The main thing I have in mind about core depending on validation is how references are only allowed where a schema is expected and core keywords in a location that is not semantically a schema are ignored. In order to make these distinctions, a "core" implementation needs to know details from the "vocabulary" spec. In fact, it needs to know the details of any third party vocabulary that it wants to support.

I implement core as a separate component from validation with strictly one way dependencies, which is why I fail tests for ignoring core keywords in places that aren't schemas. Because that component doesn't know about other vocabularies, I have to assume that any time I see those core keywords that they belong there and I should processes them as a schema.

There's a nuance between something being an implementation architecturally vs practically.

I'm in the "practical" camp. I would call anything that exposes some kind of JSON Schema functionality an implementation. However, I recognize that that does leave a gap in our vocabulary. For example, PowerShell both is an implementation and uses an implementation. I'm not sure what words I would use to distinguish between the two truths.

Would you say that PowerShell's functionality is bound by the requirements of JSON Schema? Specifically, they configure JsonSchema.Net to fetch references from the network / file system if needed. Or are they merely using JSON Schema to perform (very) similar functionality?

What about VSCode's linting & intellisense functionality (whether native or via an extension)?

Yes, I think PowerShell is definitely bound by the requirements of JSON Schema.

For VSCode, I would say that anything that as to do only with linting and autocomplete is undefined for a JSON Schema spec point of view, but any features it has that are defined in JSON Schema should be respected, especially core stuff like identification and referencing.

Okay, so what do we do with this?

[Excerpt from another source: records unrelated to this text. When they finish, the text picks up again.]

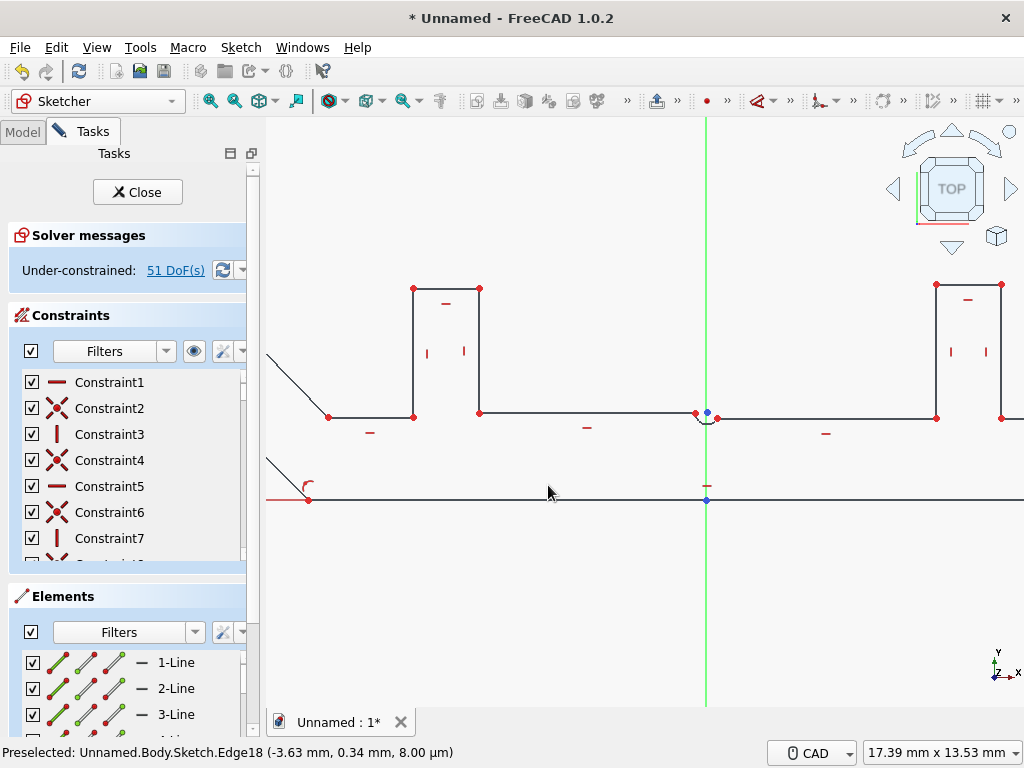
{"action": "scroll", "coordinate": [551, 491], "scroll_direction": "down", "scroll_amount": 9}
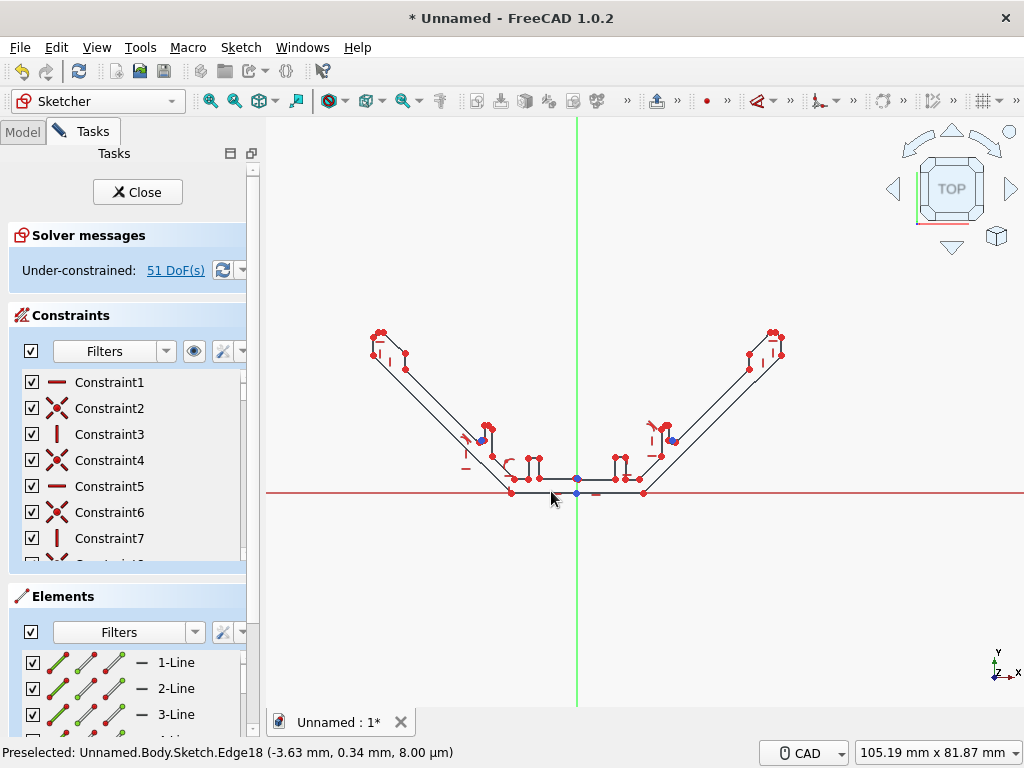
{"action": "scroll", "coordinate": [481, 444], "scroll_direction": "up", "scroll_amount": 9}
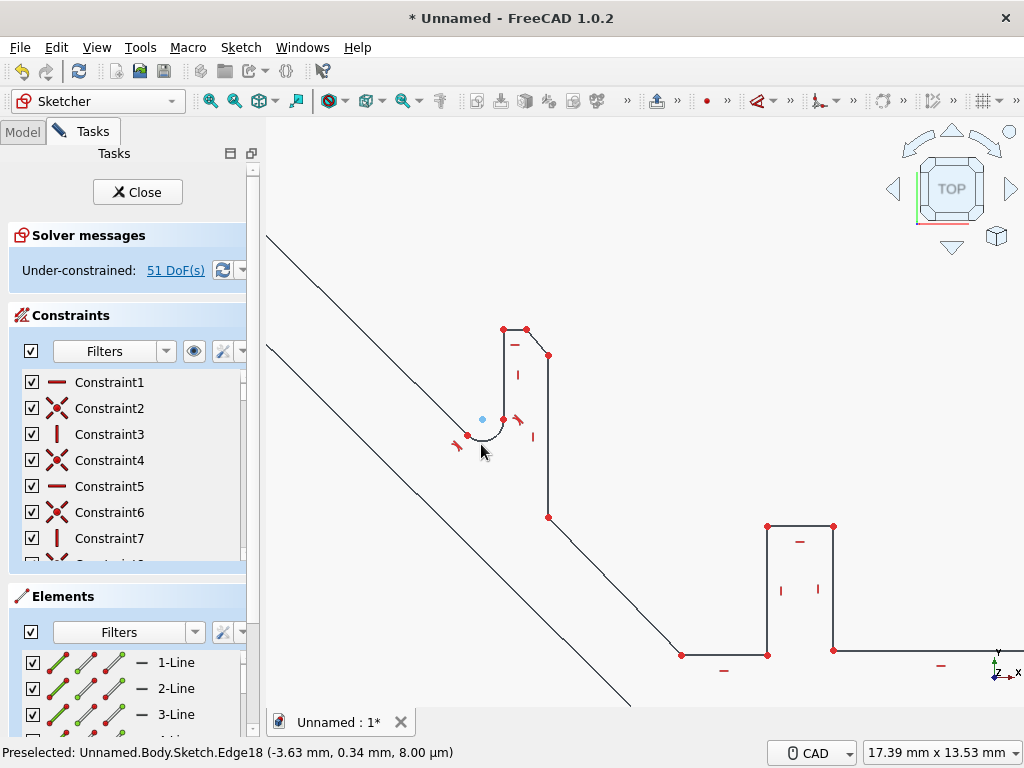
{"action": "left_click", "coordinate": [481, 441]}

Does it just go in our online glossary? Does it need to be defined in the spec?

I don't know. A glossary entry seems reasonable.

@jdesrosiers Would you like to take on making a PR for the glossary entry?
If so, please self assign this Issue =]

I think an "implementation" is a library or release which contains code itself, not provided by a third party, which uses does anything defined in the specification.

I see the "secondary" class as mostly "wrappers" or "augmentors".

Someone up to add the definition to the glossary?